Properties of Blood I:8, Kith and Kin, II: Spouses and Heirs, B

Inheritance

Complex and far-reaching rules on marriage and inheritance presuppose the recognition of kinship beyond the level of the immediate family.   How far beyond can vary greatly, and the breadth or narrowness of kin-recognition is a defining element in any social system.  Some suburban Californians can barely stay in contact with their siblings, while in some parts of the American South, much time is still spent calculating possible kinship with new acquaintances.  Pitt-Rivers noted that in Andalusia, “People are seldom able to give a comprehensive account of their families beyond first cousins,” and first-cousinhood was largely a matter of sentiment.  Even first cousins may not become close if they do not have the opportunity for frequent encounters.  Property can always strengthen such ties, and in Andalusia first cousins frequently married in order to keep property intact.  A similar tactic was adopted in colonial South Carolina, though such unions were frowned upon in contemporary England.  It is observed in Gone With the Wind that even in the mid-19th century, “Wilkeses and Hamiltons always marry their own cousins”

Property and inheritance laws, even more perhaps than incest prohibitions, are a clear indication of how societies  structure their priorities.  In some modern countries, a citizen may write a will leaving much or all of his wealth to person or persons outside the family; in more traditional societies, by contrast, custom and law regulate or even dictate succession.  In 16th century England and British North America, for example, estates passed from father to eldest son by the traditional custom of primogeniture, just as in most European monarchies, a king was succeeded by his eldest son.

Primogeniture is by no means a universal rule or even a dominant tendency in inheritance laws: In many societies sons—or sons and daughters—may inherit equal shares.  But even in societies where estates are normally passed to the eldest son, some provisions are generally made for the heir’s younger brothers, who might inherit incomes or goods, and sisters, who would be provided with dowries.  In addition, ancestral property, such as a family farm might be distinguished from wealth acquired by business and pass by law to a natural heir or heirs.  To survey the variety of privileges accorded (or denied) to first-born sons would require a tedious and distracting diversion from the argument, which concerns the enduring ethical significance of inheritance rules in general.  What does matter is not the details of any particular system, but the universality of such systems in human societies.  We should, however, take a passing glance at the inheritance systems of several societies that have, until recently, exercised an influence on our own.

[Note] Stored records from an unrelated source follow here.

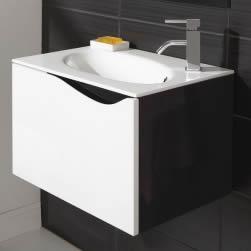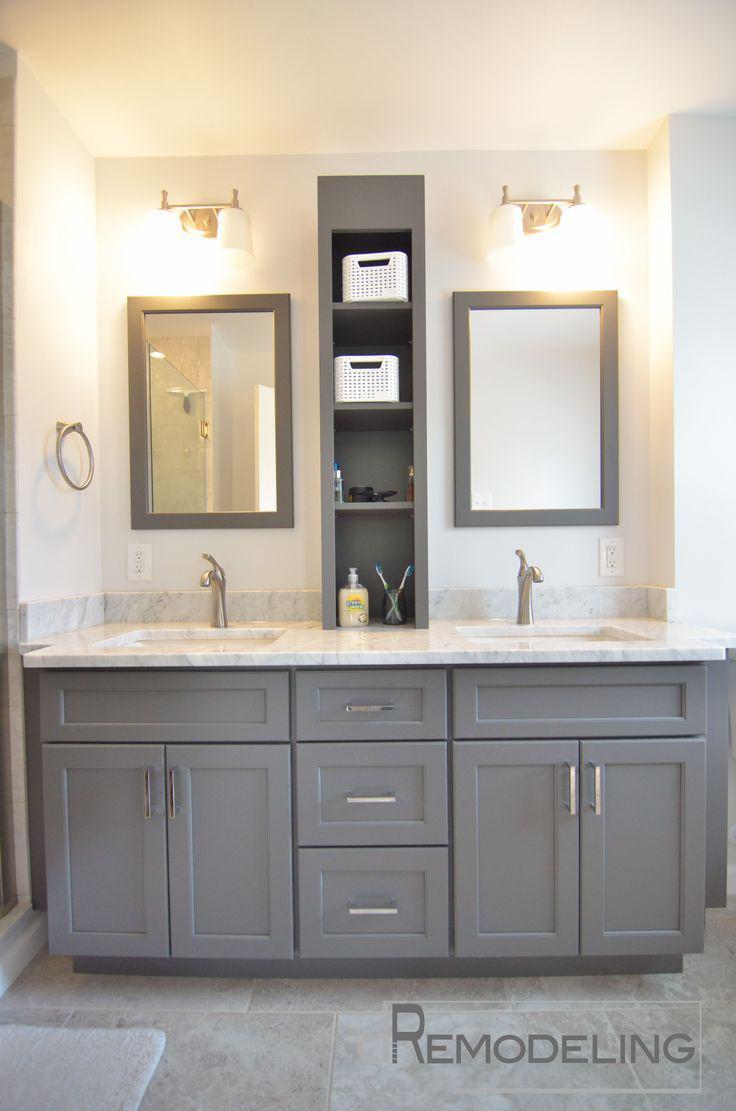The first image is the image on the left, the second image is the image on the right. Considering the images on both sides, is "One of the sinks is inset in a rectangle above metal legs." valid? Answer yes or no. No. 
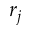<formula> <loc_0><loc_0><loc_500><loc_500>r _ { j }</formula> 
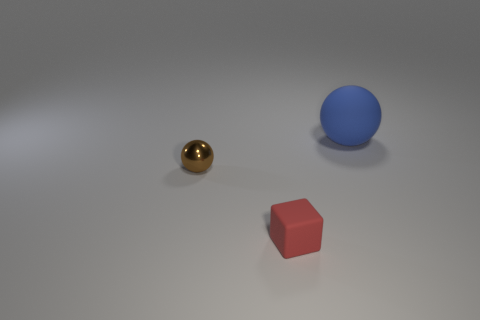The object that is on the right side of the tiny brown object and behind the small red object has what shape?
Offer a terse response. Sphere. How many things are small objects that are behind the red object or spheres that are in front of the big blue thing?
Ensure brevity in your answer.  1. What number of other objects are the same size as the red matte cube?
Give a very brief answer. 1. There is a sphere left of the large blue rubber object; is it the same color as the big object?
Make the answer very short. No. There is a object that is right of the small shiny thing and to the left of the large sphere; how big is it?
Your response must be concise. Small. What number of big objects are red things or blue rubber cylinders?
Make the answer very short. 0. The small thing that is behind the tiny cube has what shape?
Provide a short and direct response. Sphere. What number of small blue matte cylinders are there?
Give a very brief answer. 0. Are the cube and the big blue ball made of the same material?
Give a very brief answer. Yes. Are there more blue rubber spheres in front of the big blue rubber ball than blue spheres?
Your response must be concise. No. 
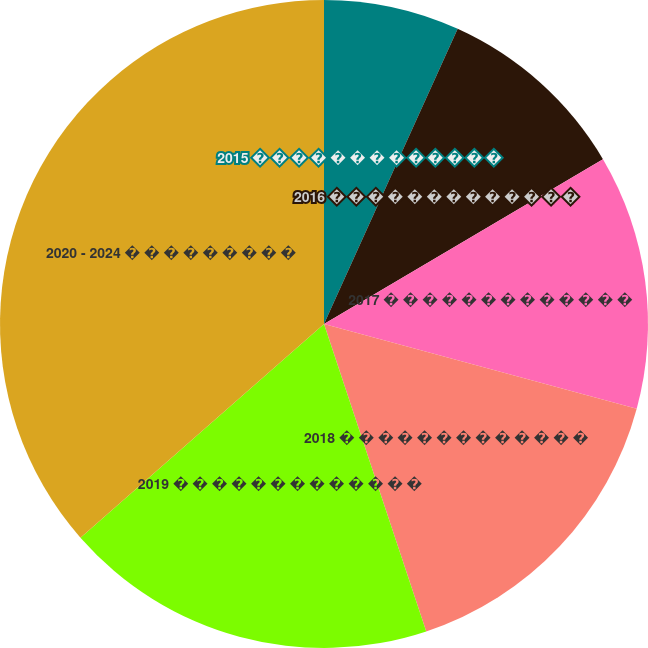Convert chart. <chart><loc_0><loc_0><loc_500><loc_500><pie_chart><fcel>2015 � � � � � � � � � � � � �<fcel>2016 � � � � � � � � � � � � �<fcel>2017 � � � � � � � � � � � � �<fcel>2018 � � � � � � � � � � � � �<fcel>2019 � � � � � � � � � � � � �<fcel>2020 - 2024 � � � � � � � � �<nl><fcel>6.77%<fcel>9.74%<fcel>12.71%<fcel>15.68%<fcel>18.65%<fcel>36.47%<nl></chart>

For the society described (or imagined) in the Pentateuch, where preservation of family identity and property depended upon strong and resolute men, a man’s property went to his sons, the first-born receiving a share double that of each of his brothers.  In other words, if a father had four sons, his property was divided into five parts, two of which went to the eldest son, and one to each of the others.   This favored status was a gift from God and not a mere human privilege, and a less favored older son, such as Esau or Reuben might occasionally be passed over in favor of a younger.  Primogeniture was not a one-sided affair but entailed corresponding duties.  The first-born, who enjoyed greater power and respect than his brothers, had the burdens of assuming a priesthood, maintaining the dignity of the family, and, probably, taking care of his mother and sisters.  He had the right to decline both the double inheritance and the duties that went along with it.

If a father failed to produce any sons, Moses granted a dispensation that permitted daughters to inherit, [Num 21:7-11], though it was later stipulated that such heiresses must marry within the tribe to prevent the property from passing to strangers. [Num 36].  This law is a parallel to a more stringent Athenian provision that such an heiress must marry the closest male relative on her father’s side.

Since the Jews were polygynous, problems arose when a father might be tempted to prefer the son of a younger wife, as in the early story of Jacob and Esau, but he was, nonetheless, generally constrained [Deut 21:15-17] to award the double share to the son of his less favored older wife.  Hard and fast rules of this type tend to discourage family disputes by removing inheritances from the whim of the proprietor.  In such traditional societies, the current possessor is not a self-made individualist but only one link in a long chain going back generations.

In early Athens, there was no such thing as a will, since a man’s entire estate (kleros) passed by strict rules to his male heirs, to his sons, if he had any still living, of, if the sons had died leaving legitimate male offspring, to his grandsons.  “The line of heir continued theoretically ad infinitum.”  For his daughters he was expected to provide a dowry, which constituted their inheritance.  Sons automatically inherited equal shares of the estate, unless they had been adopted into another family.  If there were no sons or issue thereof, the daughters or their children inherited, but daughters were legally required to marry a close kinsman of their father (the order was fixed) in order to preserve the estate.  Failing any living descendants, a man’s collateral relatives on his father’s side became the heirs.  The preference went to males up to the degree of children of first cousins.  The object was to preserve the ongoing line of descent by keeping property within the network of kinfolk.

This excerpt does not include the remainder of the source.